Dane had stopped eating. He stared at Goran with a look of horror and awe. “Slavery.”
“Purpose,” Goran countered. “To a Vor-Kahn, without a master, there is no sky. There is no ground.”
He looked down at his massive, scarred hands.
“But the Aetherkind… they were flawless beings with flawed hearts. They split. The Schism. Light-born against Dark-born. It tore Vaelor apart. And because we were their shadows, we were torn too.”
“You had to pick sides,” I whispered.
“We were ordered to,” Goran said. “The nature of the wolf is predatory. It calls to the dark. Most of the Vor-Kahn went to the Umbrael Sovereignty. They became the butchers of the Dark Court.”
He looked up, meeting Dane’s eyes.
“I did not. I chose the Luminaris. The Light. I chose to protect, not to conquer.”
“You went to war with your own kind,” Dane muttered.
“An endless slaughter,” Goran corrected. “When the world broke, we ran. A handful of us. Light-born, Dark-born refugees who saw the end coming, Vor-Kahn who severed their leashes. We came here. To Aurathen. A world of humans.”

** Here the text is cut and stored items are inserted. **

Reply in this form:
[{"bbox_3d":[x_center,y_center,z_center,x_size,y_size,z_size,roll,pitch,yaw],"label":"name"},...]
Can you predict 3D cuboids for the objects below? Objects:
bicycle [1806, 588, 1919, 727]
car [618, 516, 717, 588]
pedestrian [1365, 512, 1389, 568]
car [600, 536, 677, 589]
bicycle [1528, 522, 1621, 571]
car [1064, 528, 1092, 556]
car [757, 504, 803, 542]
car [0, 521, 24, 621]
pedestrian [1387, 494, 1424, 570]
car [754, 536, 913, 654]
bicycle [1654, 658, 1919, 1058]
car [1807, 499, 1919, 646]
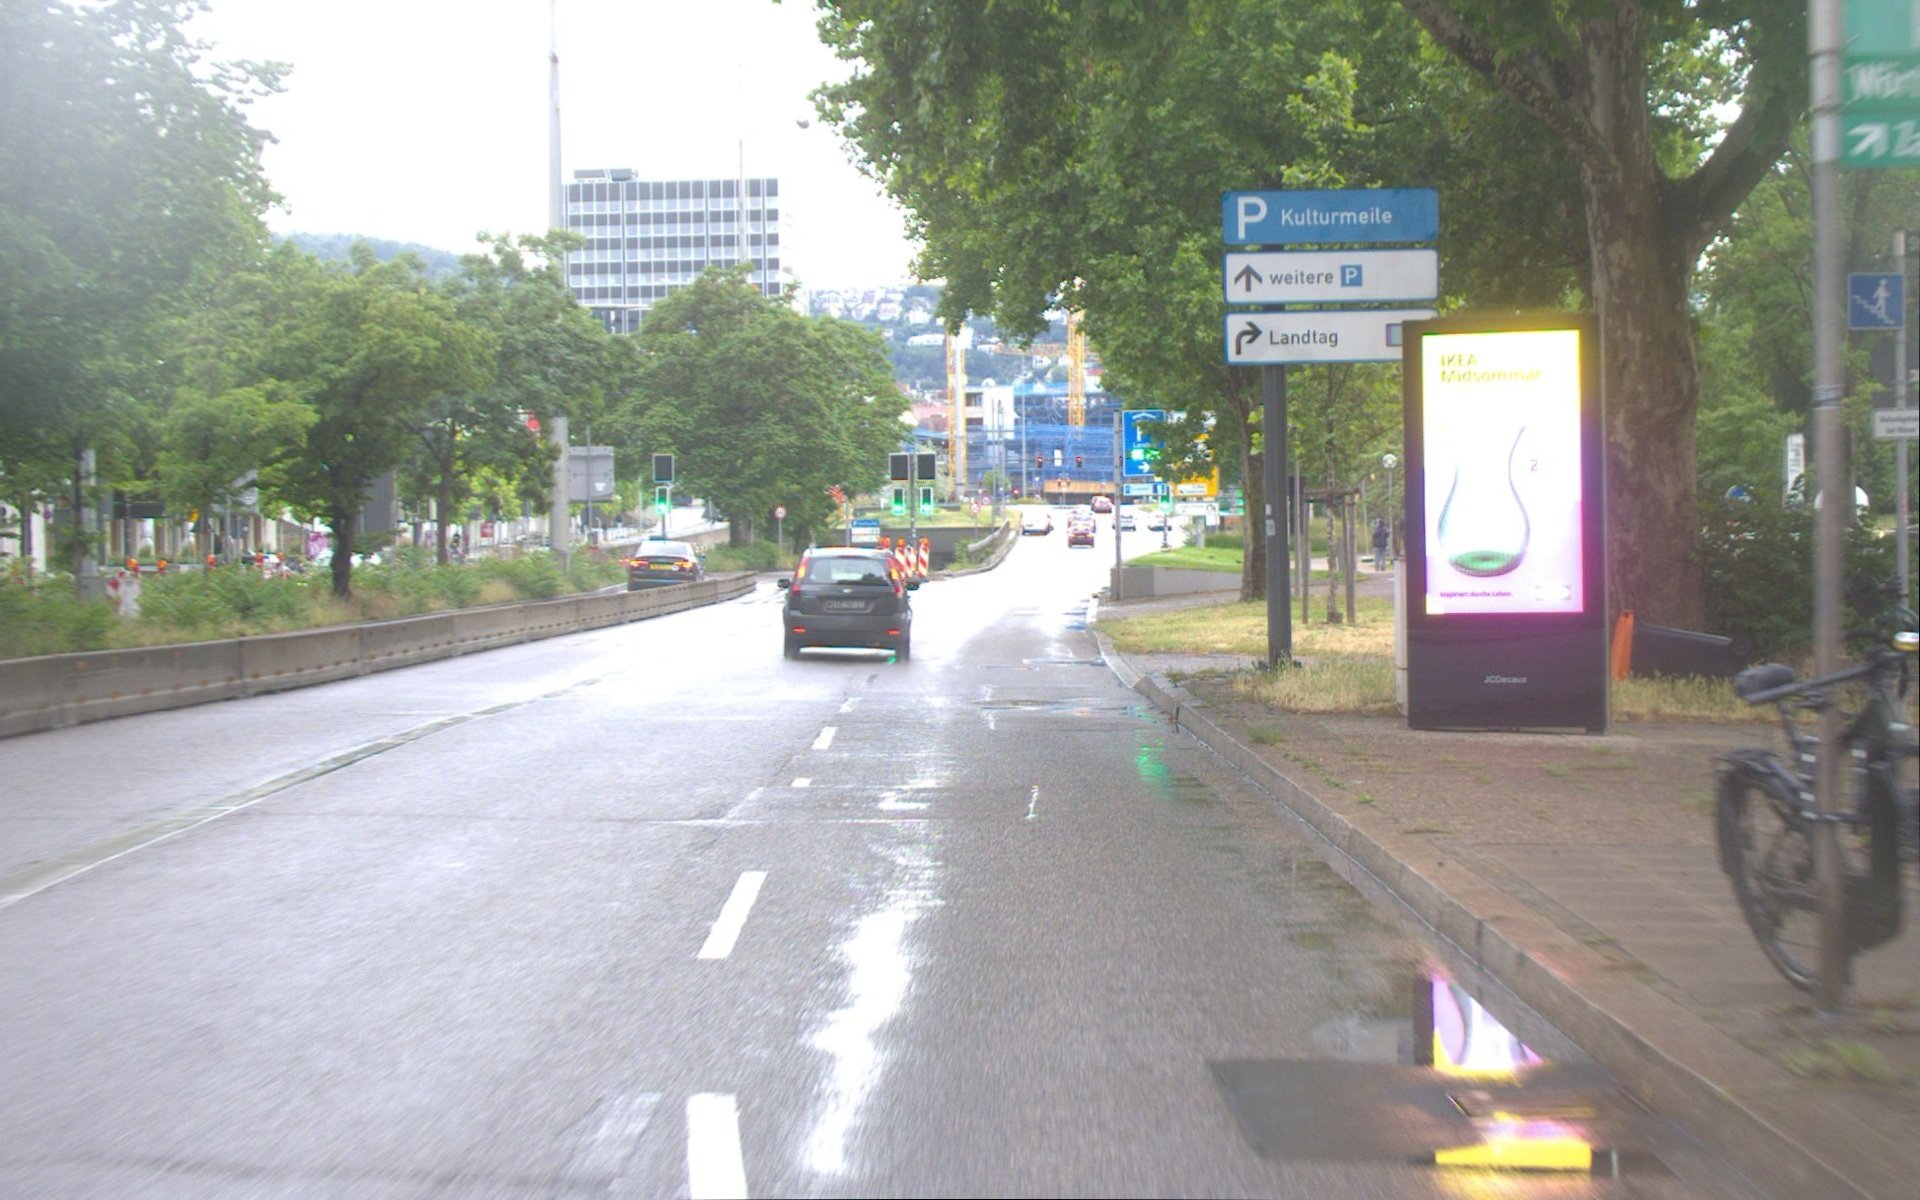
[{"bbox_3d":[7.274,0.441,25.932,1.641,1.017,0.575,2,0,5],"label":"bicycle"},{"bbox_3d":[-7.579,-1.267,89.500,1.994,1.775,4.000,-1,1,3],"label":"car"},{"bbox_3d":[13.172,-1.888,108.586,0.594,1.749,0.725,-2,2,0],"label":"pedestrian"},{"bbox_3d":[-8.982,-1.053,96.305,1.754,1.447,4.000,0,1,0],"label":"car"},{"bbox_3d":[15.183,-1.327,84.971,2.034,1.169,0.960,-1,2,-8],"label":"bicycle"},{"bbox_3d":[7.956,-3.899,232.175,1.739,1.765,3.999,-2,0,4],"label":"car"},{"bbox_3d":[-7.888,-3.370,151.015,1.993,1.626,4.001,-1,1,-3],"label":"car"},{"bbox_3d":[-15.181,-0.415,50.866,1.545,1.503,3.931,0,1,1],"label":"car"},{"bbox_3d":[10.268,-1.564,79.236,0.705,1.712,0.692,-2,1,2],"label":"pedestrian"},{"bbox_3d":[-1.698,-0.061,45.020,1.843,1.411,3.840,-2,0,-5],"label":"car"},{"bbox_3d":[2.341,0.671,9.610,0.669,0.964,1.636,0,1,16],"label":"bicycle"},{"bbox_3d":[11.751,-0.374,40.934,1.993,1.604,5.237,0,2,-1],"label":"car"}]

Dane leaned forward. “So, we’re… what? Copies?”
“Echoes,” Goran said gently.
“We were few. Too few to sustain our numbers,” Goran explained. “The Aetherkind tried to keep their blood pure, but they failed. The Light-born faded into the Calysteri. The Dark ones into Umbrakynn.”
He pointed a thick finger at Dane.
“And the Vor-Kahn… we were soldiers without a war. We began to take human mates. The magic in our blood was diluted, generation by generation. The immortality faded. The size diminished. The blind, telepathic obedience to the pack leader shattered into simple loyalty.”
Goran’s eyes softened, just a fraction.
“The beast remained, but the godhood was lost. You call yourselves Varkyn now. But the wolf inside you? That is the remnant of Vaelor. That is the memory of the Vor-Kahn, screaming for a master it will never find.”
Dane sat back, looking stunned. He looked at his own hands, clenching and unclenching them as if testing the reality of his own skin.
“That’s why the loyalty binds feel so strong,” Dane murmured, half to himself. “Why losing a partner feels like dying.”
“Because you were designed to be bonded,” Goran said. “It is not a flaw in your psychology. It is the architecture of your soul.”